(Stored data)
━━━━
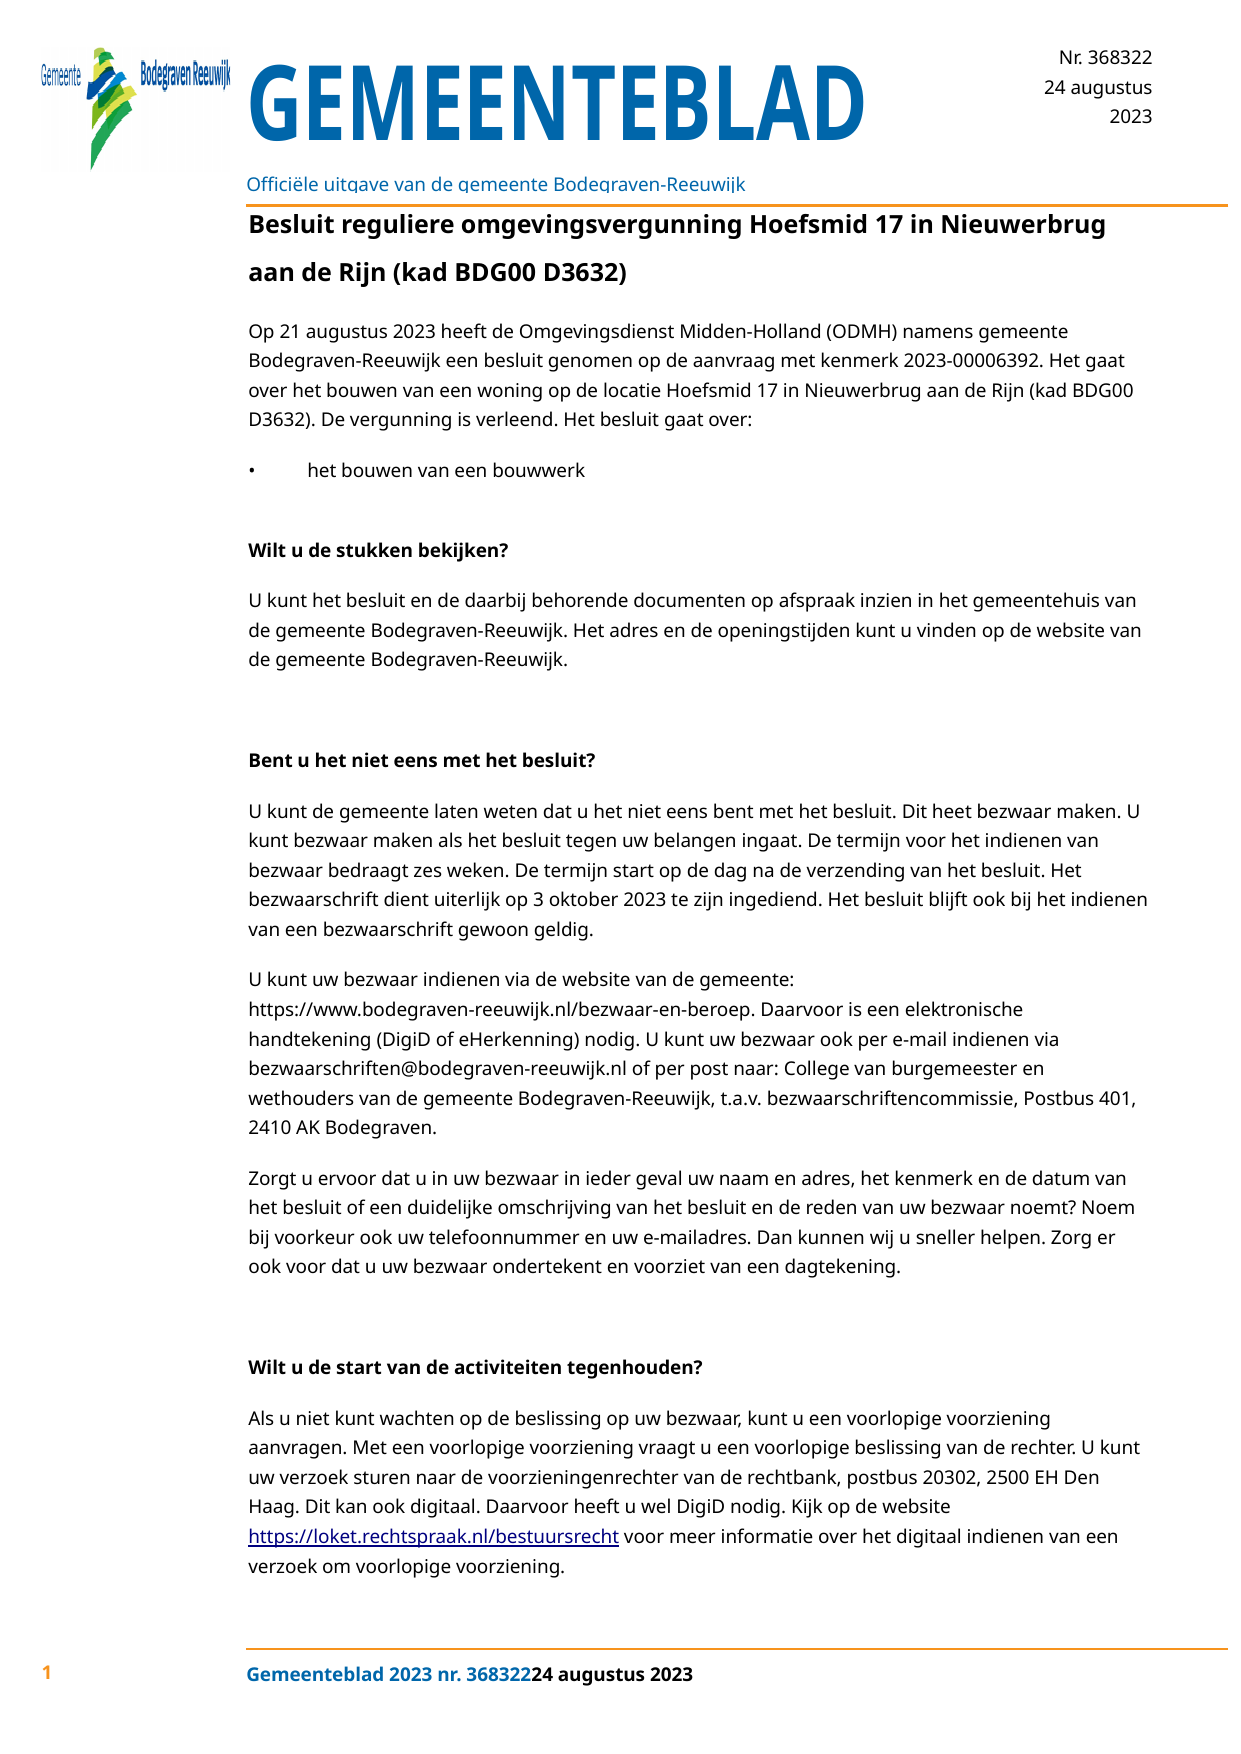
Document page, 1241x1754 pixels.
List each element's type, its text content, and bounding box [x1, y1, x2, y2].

picture [41, 47, 231, 172]
list het bouwen van een bouwwerk [248, 457, 1152, 483]
text Als u niet kunt wachten op de beslissing op uw bezwaar, kunt u een voorlopige voorziening aanvragen. Met een voorlopige voorziening vraagt u een voorlopige beslissing van de rechter. U kunt uw verzoek sturen naar de voorzieningenrechter van de rechtbank, postbus 20302, 2500 EH Den Haag. Dit kan ook digitaal. Daarvoor heeft u wel DigiD nodig. Kijk op de website https://loket.rechtspraak.nl/bestuursrecht voor meer informatie over het digitaal indienen van een verzoek om voorlopige voorziening. [248, 1405, 1152, 1579]
text Besluit reguliere omgevingsvergunning Hoefsmid 17 in Nieuwerbrug aan de Rijn (kad BDG00 D3632) [248, 207, 1152, 288]
text U kunt uw bezwaar indienen via de website van de gemeente: https://www.bodegraven-reeuwijk.nl/bezwaar-en-beroep. Daarvoor is een elektronische handtekening (DigiD of eHerkenning) nodig. U kunt uw bezwaar ook per e-mail indienen via bezwaarschriften@bodegraven-reeuwijk.nl of per post naar: College van burgemeester en wethouders van de gemeente Bodegraven-Reeuwijk, t.a.v. bezwaarschriftencommissie, Postbus 401, 2410 AK Bodegraven. [248, 967, 1152, 1140]
text Op 21 augustus 2023 heeft de Omgevingsdienst Midden-Holland (ODMH) namens gemeente Bodegraven-Reeuwijk een besluit genomen op de aanvraag met kenmerk 2023-00006392. Het gaat over het bouwen van een woning op de locatie Hoefsmid 17 in Nieuwerbrug aan de Rijn (kad BDG00 D3632). De vergunning is verleend. Het besluit gaat over: [248, 318, 1152, 432]
text Wilt u de stukken bekijken? [248, 537, 1152, 563]
text U kunt de gemeente laten weten dat u het niet eens bent met het besluit. Dit heet bezwaar maken. U kunt bezwaar maken als het besluit tegen uw belangen ingaat. De termijn voor het indienen van bezwaar bedraagt zes weken. De termijn start op de dag na de verzending van het besluit. Het bezwaarschrift dient uiterlijk op 3 oktober 2023 te zijn ingediend. Het besluit blijft ook bij het indienen van een bezwaarschrift gewoon geldig. [248, 798, 1152, 942]
text Bent u het niet eens met het besluit? [248, 747, 1152, 773]
text Zorgt u ervoor dat u in uw bezwaar in ieder geval uw naam en adres, het kenmerk en de datum van het besluit of een duidelijke omschrijving van het besluit en de reden van uw bezwaar noemt? Noem bij voorkeur ook uw telefoonnummer en uw e-mailadres. Dan kunnen wij u sneller helpen. Zorg er ook voor dat u uw bezwaar ondertekent en voorziet van een dagtekening. [248, 1165, 1152, 1279]
text U kunt het besluit en de daarbij behorende documenten op afspraak inzien in het gemeentehuis van de gemeente Bodegraven-Reeuwijk. Het adres en de openingstijden kunt u vinden op de website van de gemeente Bodegraven-Reeuwijk. [248, 587, 1152, 672]
text Wilt u de start van de activiteiten tegenhouden? [248, 1354, 1152, 1380]
━━━━
#### Directions
Begin at the first line of the data above and repeat each line exactly, stopping after the line containing "list het bouwen". Omit the pictures.

#### Output below
Document page, 1241x1754 pixels.
List each element's type, its text content, and bounding box [x1, y1, x2, y2].

picture [41, 47, 231, 172]
list het bouwen van een bouwwerk [248, 457, 1152, 483]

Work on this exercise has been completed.